Back in the 1970s, I did Peter Duchin’s first work for a couple of years. It was mostly flying around the country to play at rich weekend affairs at country clubs or private mansions, where everything was always very expensively catered. At one New Year’s Eve party in Texas, a huge tent had been erected for the party, and the entire ceiling of the tent was covered with mesh nets that held hundreds of inflated balloons, ready for twelve o’clock.
When the time came, our band began to play “Auld Lang Syne,” as several waiters pulled the cords to release the balloons. But the only thing that fell from the ceiling was the netting. Someone, accustomed to sparing no expense, had filled all the balloons with helium, and they remained where they were, pressed against the ceiling canvas, for the rest of the night.
One year when the Gerry Mulligan Quartet was playing at Storyville in Boston, George Wein suggested that the trad band at his Mahogany Hall club on the floor below us might come up at midnight and play “Auld Lang Syne” with us. Gerry said, “Great, I’ll write a little chart for the four horns.” George called a rehearsal that afternoon, and Pee Wee Russell, the clarinetist with the other band, expressed discomfort at having to read his part, but he read it okay. That evening, just before midnight, the trad band came up and joined us on the bandstand, but Pee Wee couldn’t find his part. Disappointed, Gerry said, “Okay, we’ll just fake it.” And we did. When Pee Wee got up to go back downstairs, I saw that he had been sitting on his part.
John Altman posted this story on Facebook:
This was told to me by the great Irwin Kostal who orchestrated West Side Story. He got a call from Stephen Sondheim shortly after “Gypsy “had been a smash on Broadway. He asked, “Would you orchestrate my new show?” Kostal said, “I’d love to,” and asked, “Who’s the composer?” Sondheim replied, “I am!” Kostal was shocked, as he only knew Sondheim as a lyricist. He said, “I went to his place where he played me the score. I said “Stephen these songs are terrific, I had no idea!” In the main love song, after the words ‘I love you’ Sondheim played a crashing discord on the piano. I asked him to repeat that section and there it was again, so into the song it went.”
At the party after the premiere, Kostal was standing with Sondheim when Leonard Bernstein walked in. Kostal said, “He came straight up to me and hissed ‘how DARE you ruin that lovely song with that awful discord?’ Stephen said, ‘Leonard, that was me.’ Bernstein swiveled around to Sondheim and and retorted ‘Who the hell do you think you are, ME?’”
Roger Walls told this story on Facebook:
We set up at the Sheraton and started playing for the people in the ballroom. A man came up and said, “We didn’t book a band, but you guys sound good. You can keep playing.” I called the agent and found he had mixed up the hotels. We were supposed to be at a doctor’s convention at a hotel four blocks down the street. We tore down fast and made it to the right gig, a little late, but all was saved.
From Herb Gardner:
Carrying his helicon home from a gig, Vince Giordano passed an outdoor flea market. One of the bargain hunters took one look at Vince with his horn and approvingly remarked, “Oh wow, what a find!”

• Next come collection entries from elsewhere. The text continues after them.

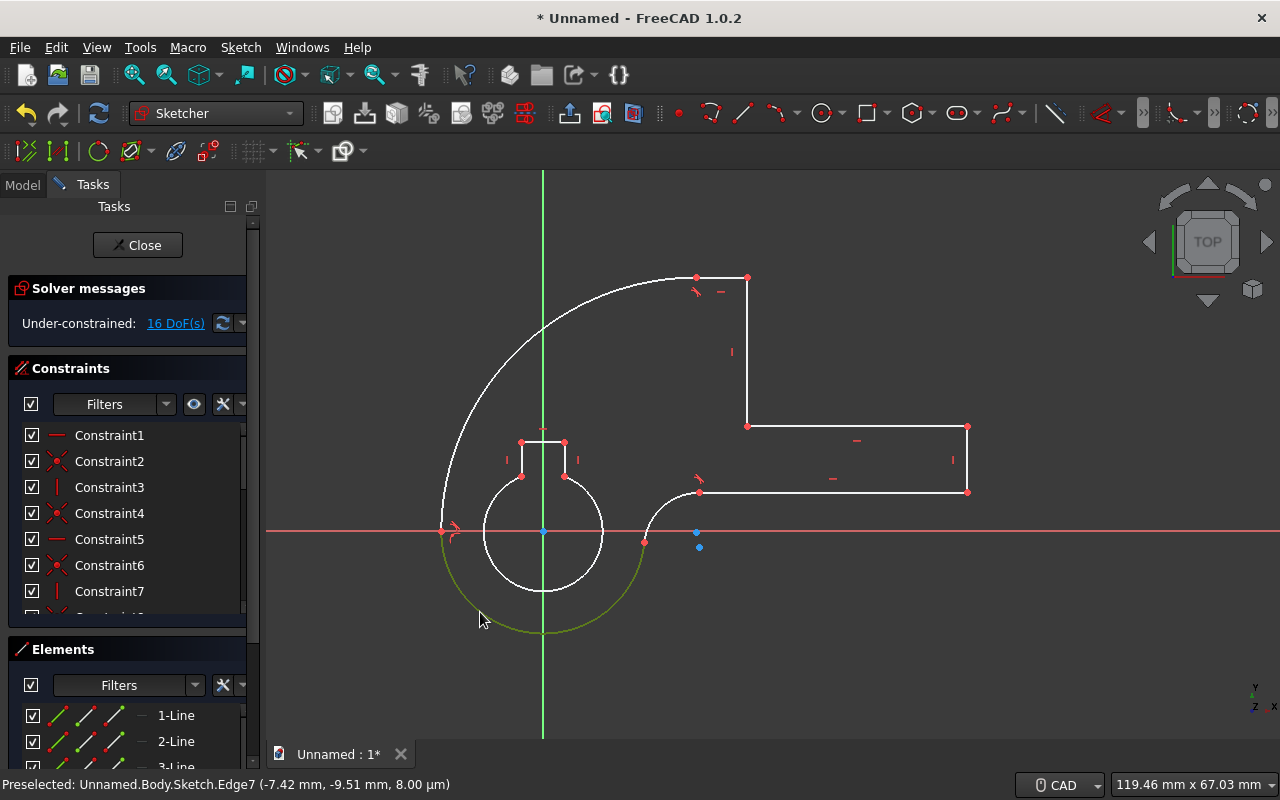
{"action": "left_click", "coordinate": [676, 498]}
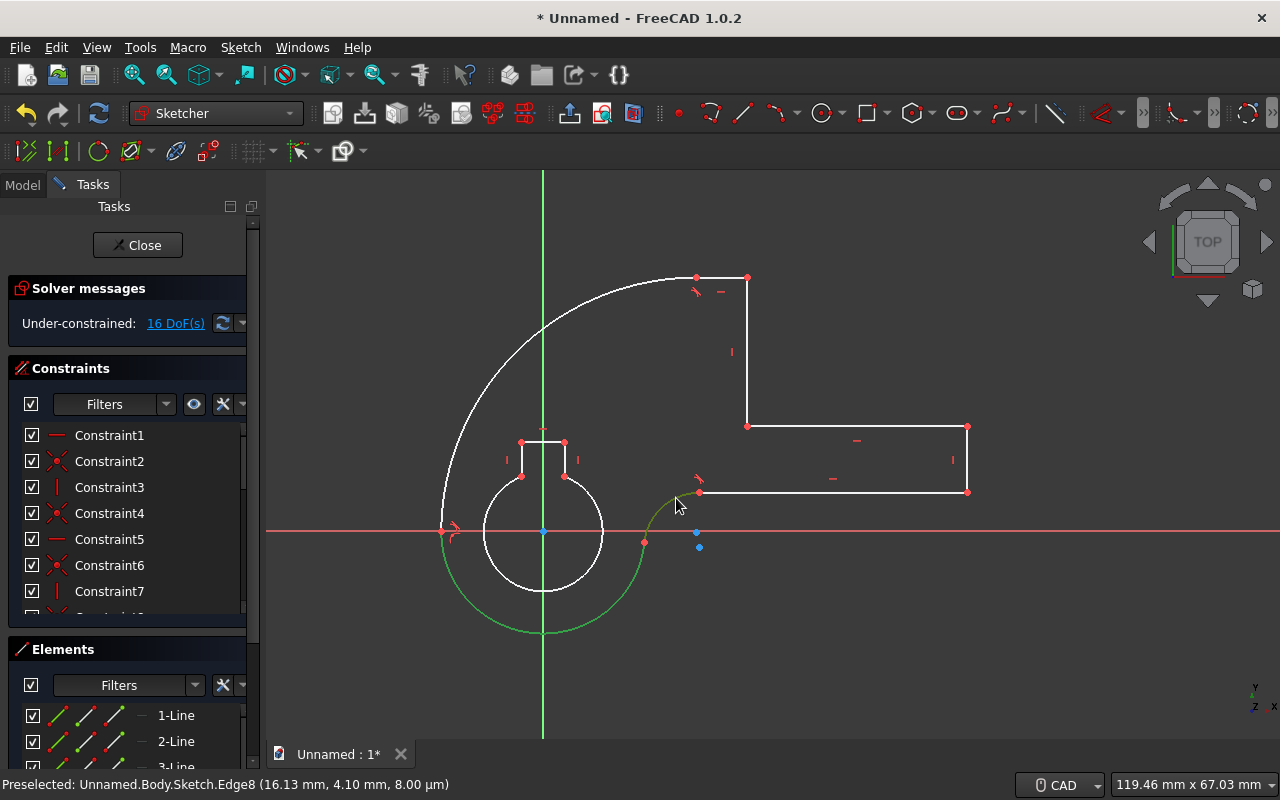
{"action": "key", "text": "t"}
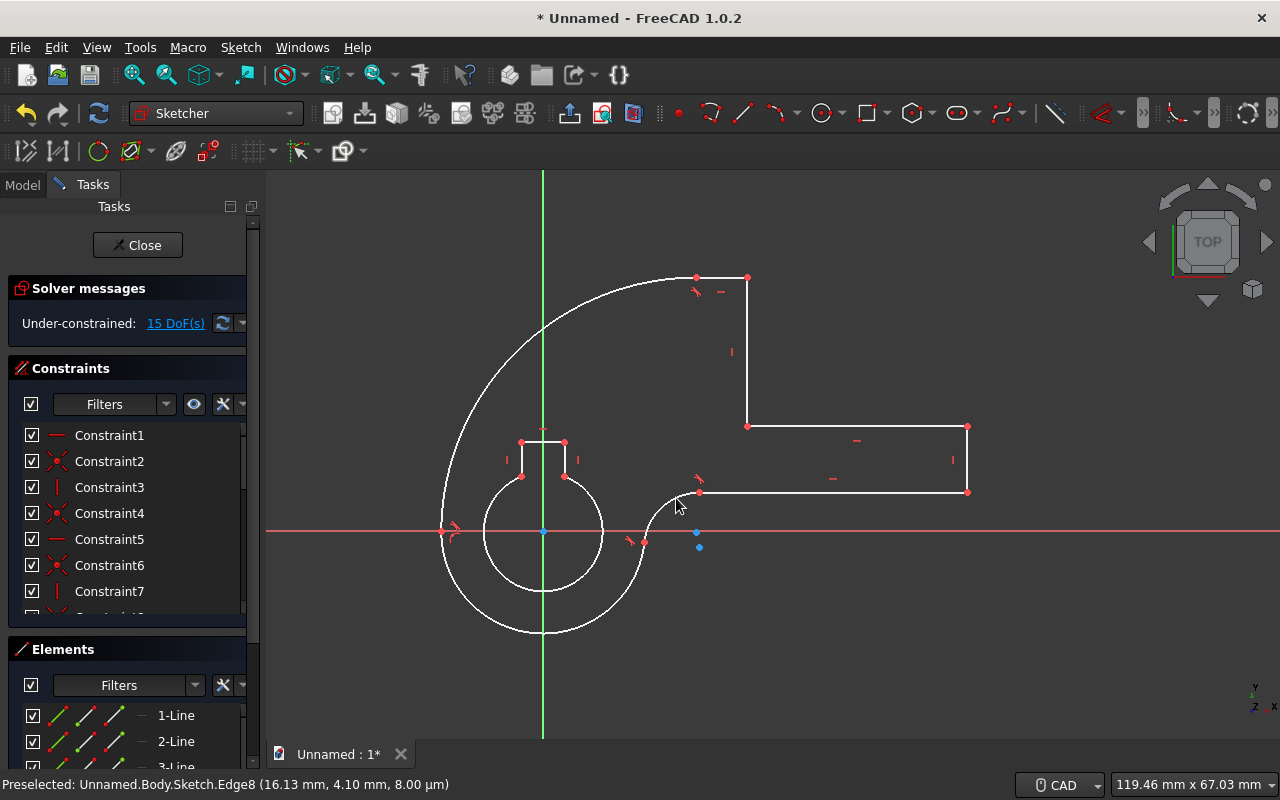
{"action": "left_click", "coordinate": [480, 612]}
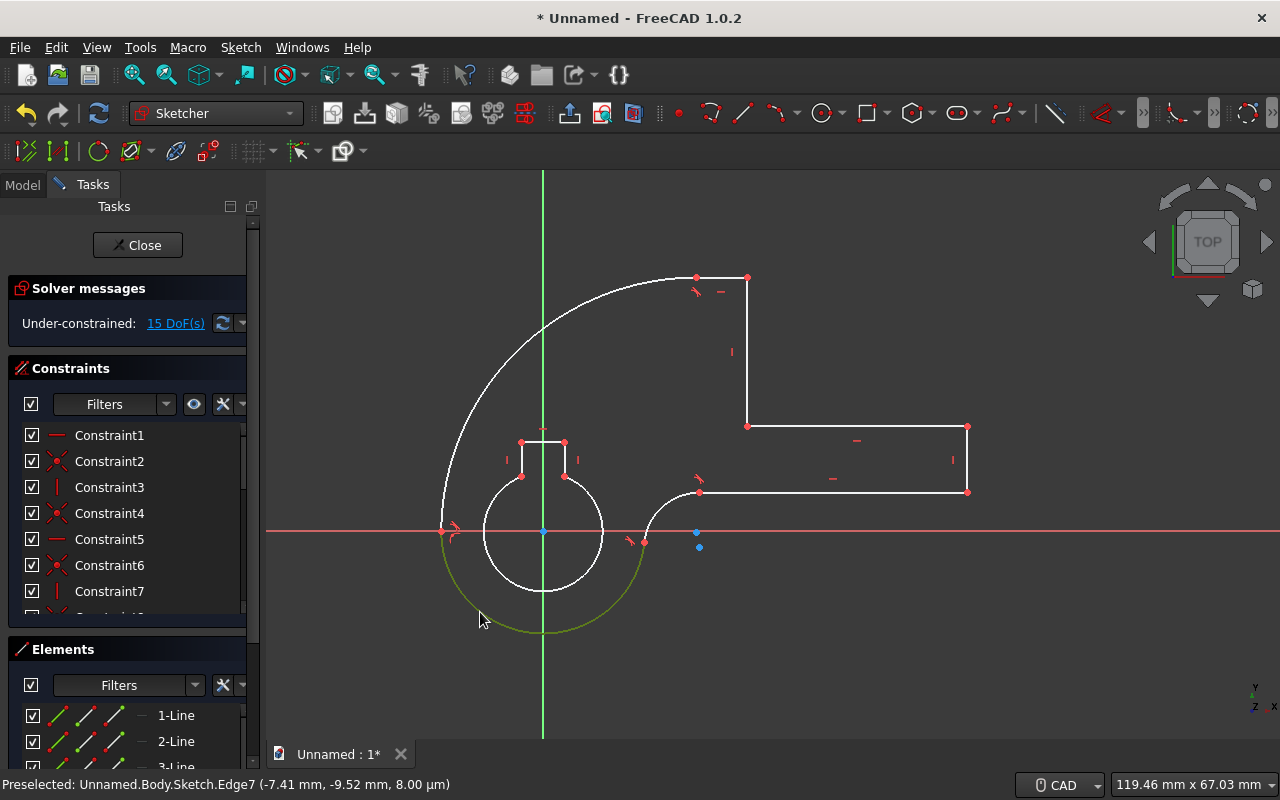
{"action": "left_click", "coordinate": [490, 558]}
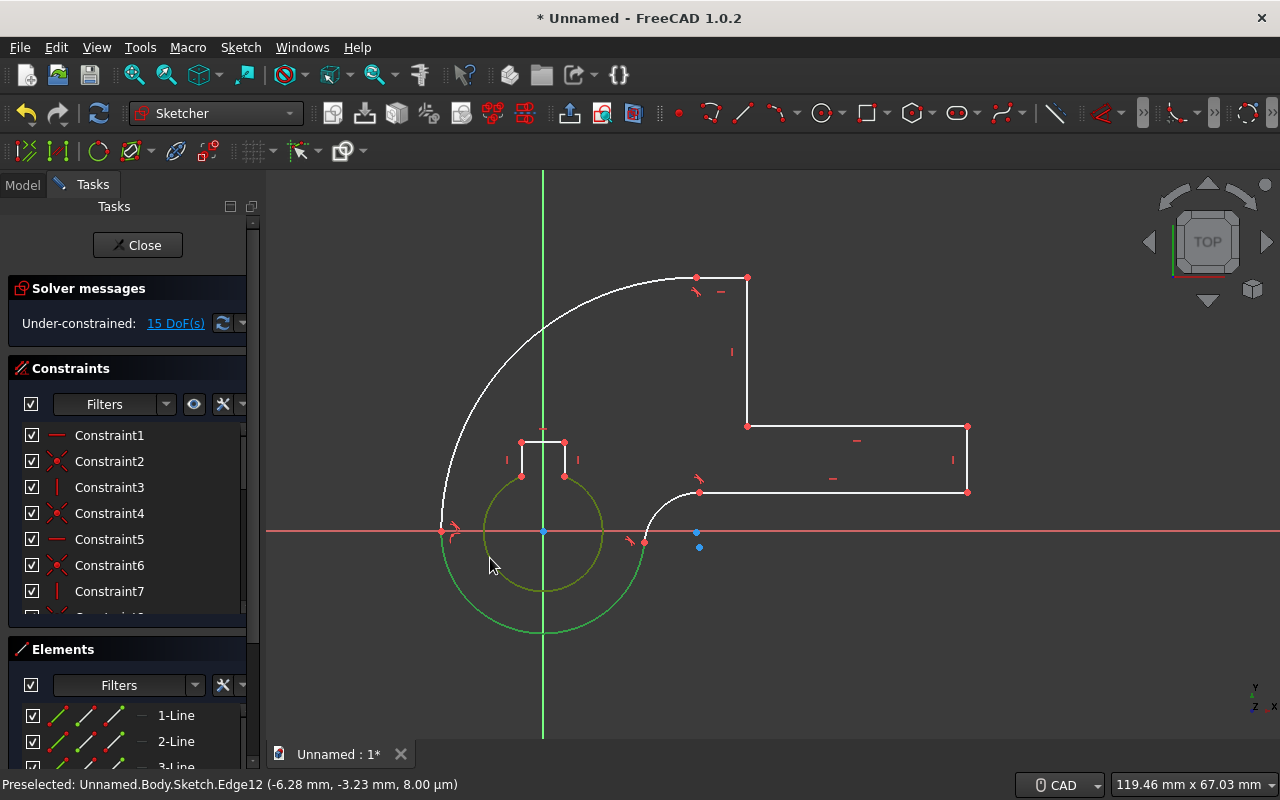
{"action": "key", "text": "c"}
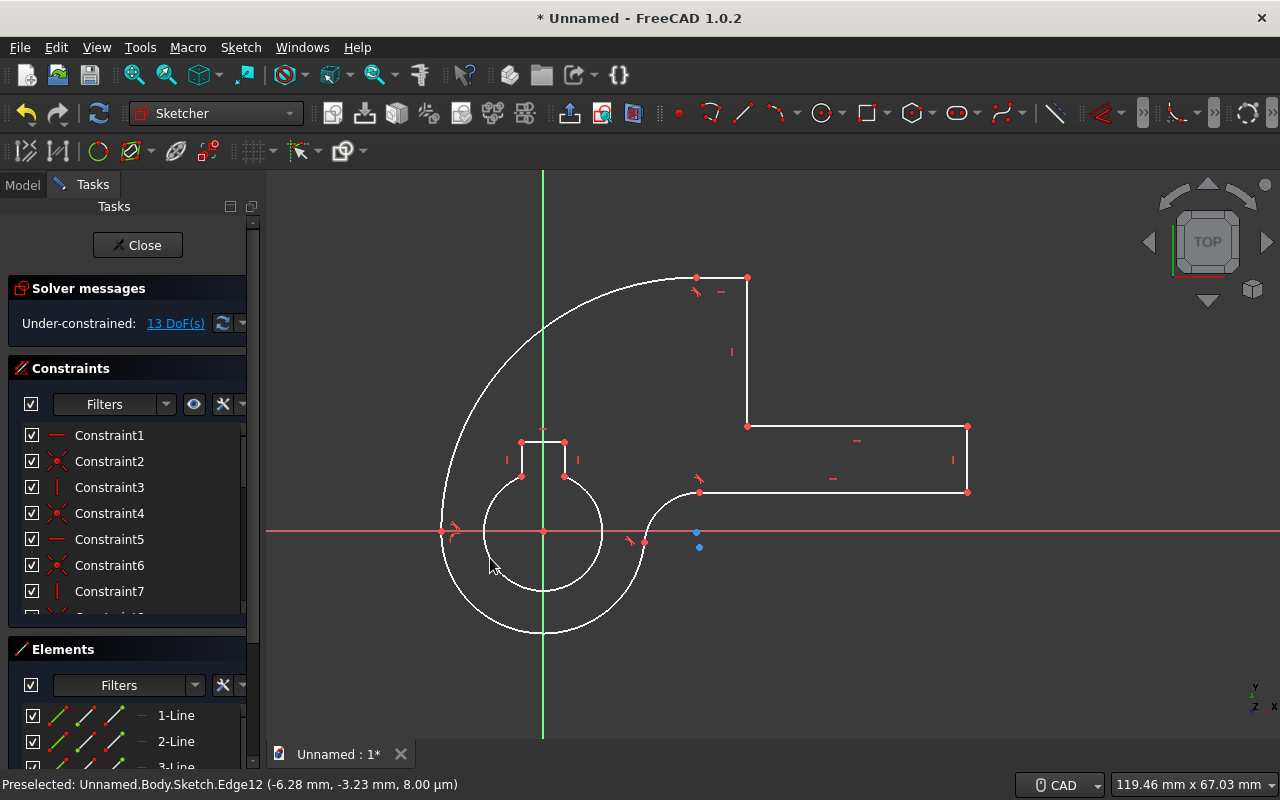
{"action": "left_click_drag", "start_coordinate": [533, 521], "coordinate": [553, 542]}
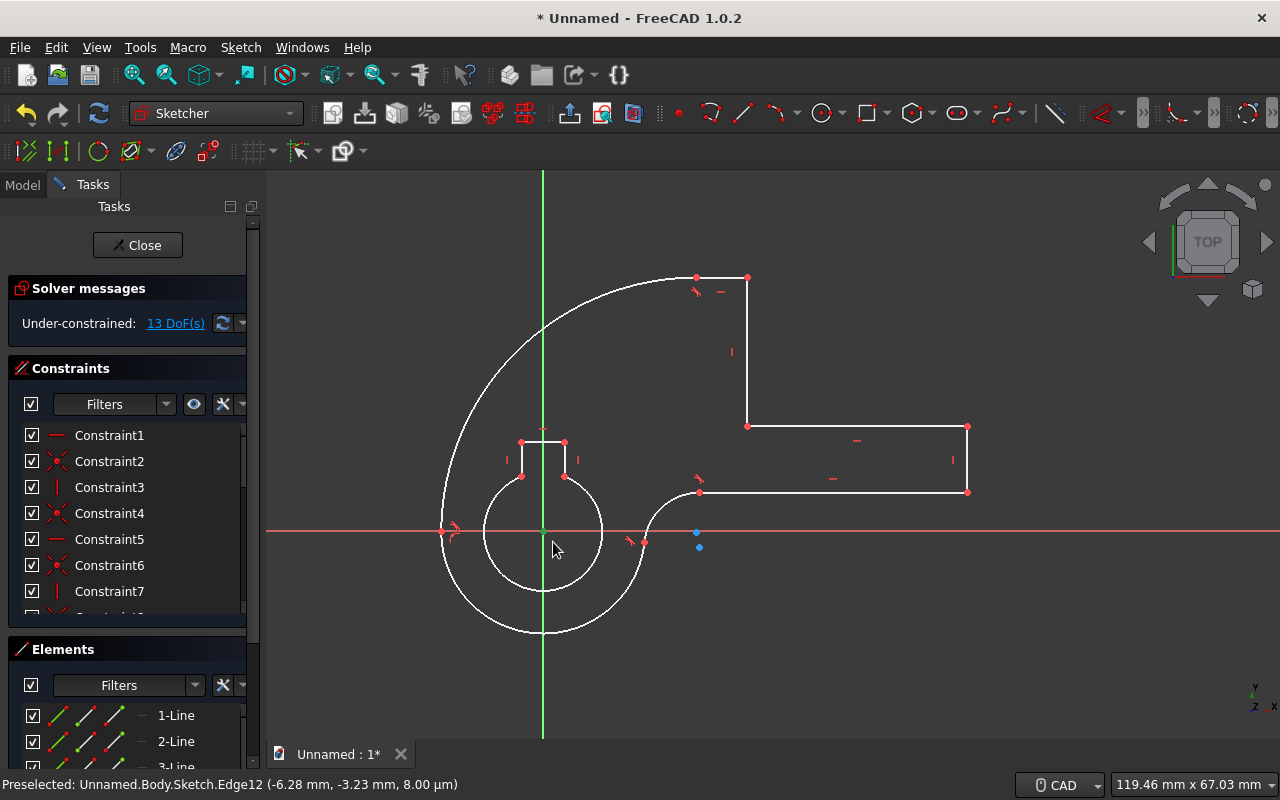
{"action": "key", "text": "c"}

Jack Stafford posted this on Facebook recently: When Lee Konitz lived out my way for a while near Monterey, California, Jim, a friend of mine decided to have a sax lesson with him. Jim had to save up his money because in those days, fifty dollars for an hour lesson was a lot of loot. When Jim got it together and went for his first lesson, he never even got to take his sax out of the case. Lee had him start the lesson by learning to sing the low B flat on the horn, without any help from anything. When the lesson was over, Jim said he felt cheated, but later on felt it was worth it.
Roy Wiegand once was in a trio that was hired for a street celebration in Los Angeles. They were put on a U-Haul flatbed truck that had a power generator up in the cab with the driver. After they had played for about ten minutes, Roy smelled gasoline. The sound system was turned up loud, so Roy had trouble alerting his bandmates that something was wrong. He shouted to them, but they just smiled and waved. Then the driver suddenly stopped and ran from the truck, and the musicians saw flames coming from the cab window. Roy’s trumpet case got singed, but his trumpet was okay, and the sax player was able to get all his instruments off the truck safely, but the keyboard player was unable to save his gear before the entire truck was engulfed in flames, and then blew up! It turned out that the generator had been left at an improper angle and its fuel had leaked out into the cab. Roy looked at the smoldering ruin and said, “Does this mean we’re not eating on the gig?”
Jack Stafford tells me that his friend, bass player Wyatt Ruther, was in one of Dave Brubeck’s early groups. He told Jack that he ended up giving his notice, because he could see that the group was going nowhere.